Plaintiffs filed their complaint on August 19, 1991. On February 13, 1992, the government filed a motion to dismiss the complaint, arguing that plaintiffs had improperly filed their administrative claim in the name of Jose Solis Rivera and his heirs, rather than in the name of Solis Rivera’s estate or in the names of the plaintiffs individually as his heirs. Plaintiffs did not respond to the government’s motion to dismiss within ten days of service, as required by Local Rule 311.5 of the District of Puerto Rico. On March 23, 1992, after more than a month had passed since service of the motion to dismiss, the district court entered an order dismissing the complaint with prejudice for failure to diligently prosecute the action. A judgment *2 dismissing the ease was entered on March 31.

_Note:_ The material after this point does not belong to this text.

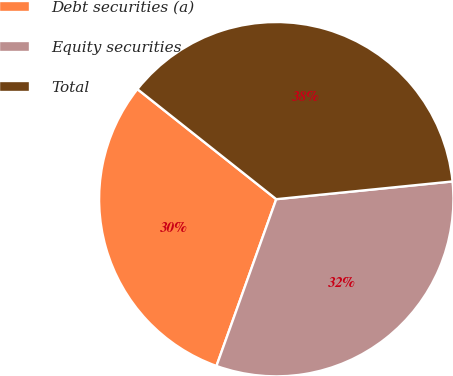Convert chart to OTSL. <chart><loc_0><loc_0><loc_500><loc_500><pie_chart><fcel>Debt securities (a)<fcel>Equity securities<fcel>Total<nl><fcel>30.19%<fcel>32.08%<fcel>37.74%<nl></chart>

Plaintiffs thereafter filed a motion to vacate and set aside the court’s order and a motion to reconsider the judgment. In the motions, plaintiffs’ attorney explained that he thought the district court, during a February 7 status conference, had approved a thirty-day period to answer the government’s proposed motion to dismiss. Plaintiffs’ attorney further explained that he had been busy with another case for three weeks, and asked the court to impose a less severe sanction than dismissal with prejudice in light of the isolated nature of his dilatory action.

On May 29,1992, the district court granted plaintiffs’ request to vacate and set aside its prior order dismissing the case. On the same day, the court granted to the government fifteen days to file a detailed memorandum of law in support of the motion to dismiss that it had filed on February 13. Plaintiffs were given ten days to respond.

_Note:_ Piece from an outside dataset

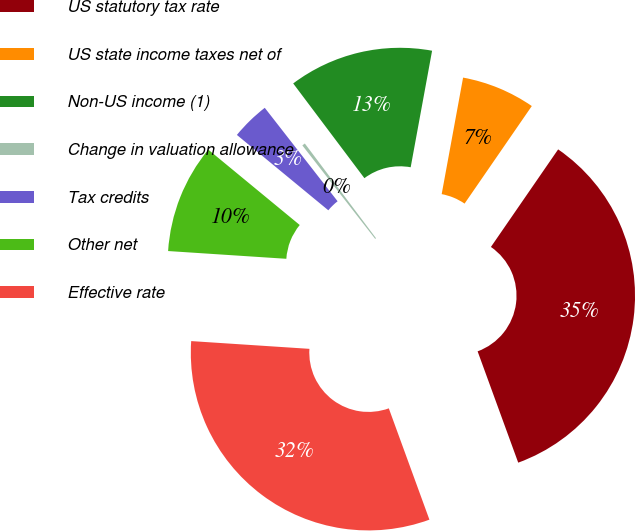Convert chart to OTSL. <chart><loc_0><loc_0><loc_500><loc_500><pie_chart><fcel>US statutory tax rate<fcel>US state income taxes net of<fcel>Non-US income (1)<fcel>Change in valuation allowance<fcel>Tax credits<fcel>Other net<fcel>Effective rate<nl><fcel>34.83%<fcel>6.71%<fcel>13.15%<fcel>0.28%<fcel>3.49%<fcel>9.93%<fcel>31.61%<nl></chart> 
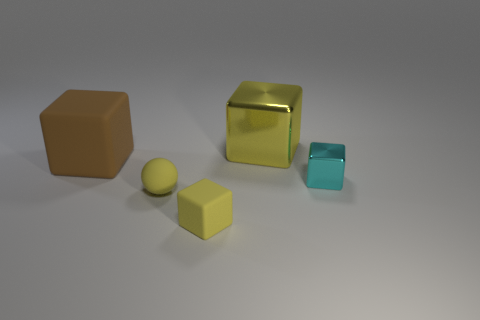Subtract all small rubber blocks. How many blocks are left? 3 Add 4 tiny cubes. How many objects exist? 9 Subtract 2 blocks. How many blocks are left? 2 Subtract all brown blocks. How many blocks are left? 3 Subtract all balls. How many objects are left? 4 Subtract all blue blocks. Subtract all purple cylinders. How many blocks are left? 4 Subtract all cyan balls. How many cyan cubes are left? 1 Subtract all tiny cubes. Subtract all small cyan blocks. How many objects are left? 2 Add 1 large brown things. How many large brown things are left? 2 Add 1 large shiny objects. How many large shiny objects exist? 2

On June 12, 1992, in compliance with the order, the government filed the more detailed memorandum of law in support of its motion to dismiss. On June 23, plaintiffs requested an additional five days to respond ostensibly because plaintiffs’ attorney was unable to find in his files a contemporaneous motion to dismiss. The government contends that it subsequently informed plaintiffs’ attorney that a copy of the motion to dismiss filed on February 13, 1992 was to accompany its memorandum of law of June 12. The government faxed a copy of the motion to dismiss to plaintiffs’ attorney on June 24.

Approximately a month passed with no response from plaintiffs. On July 29, 1992, the government filed a motion to adjudicate, asking the court to dismiss the case with prejudice because plaintiffs had failed to respond to its motion to dismiss twenty-nine business days after they filed a request for an extension.

On August 10, 1992, plaintiffs filed a motion opposing the government’s motion to adjudicate. Plaintiffs’ attorney claimed he was not informed until July 16 that he was not missing any of the government’s pleadings, and that he had been busy with another jury trial, but expected to complete an opposing memorandum within a day or two. On August 18, 1992, plaintiffs finally filed a memorandum opposing the government’s motion to dismiss.

By that time, however, the district court had already entered an order dated August 12 dismissing the case with prejudice for lack of prosecution. Judgment was entered on August 19, 1992.

On August 25, plaintiffs filed a motion for reconsideration. They argued that (1) they had filed their memorandum on August 18, before receiving the court’s order dated August 12 and before judgment was entered; and (2) the essentials of plaintiffs’ opposition to the government’s motion to dismiss had been tendered in plaintiffs’ March 27 motion to vacate.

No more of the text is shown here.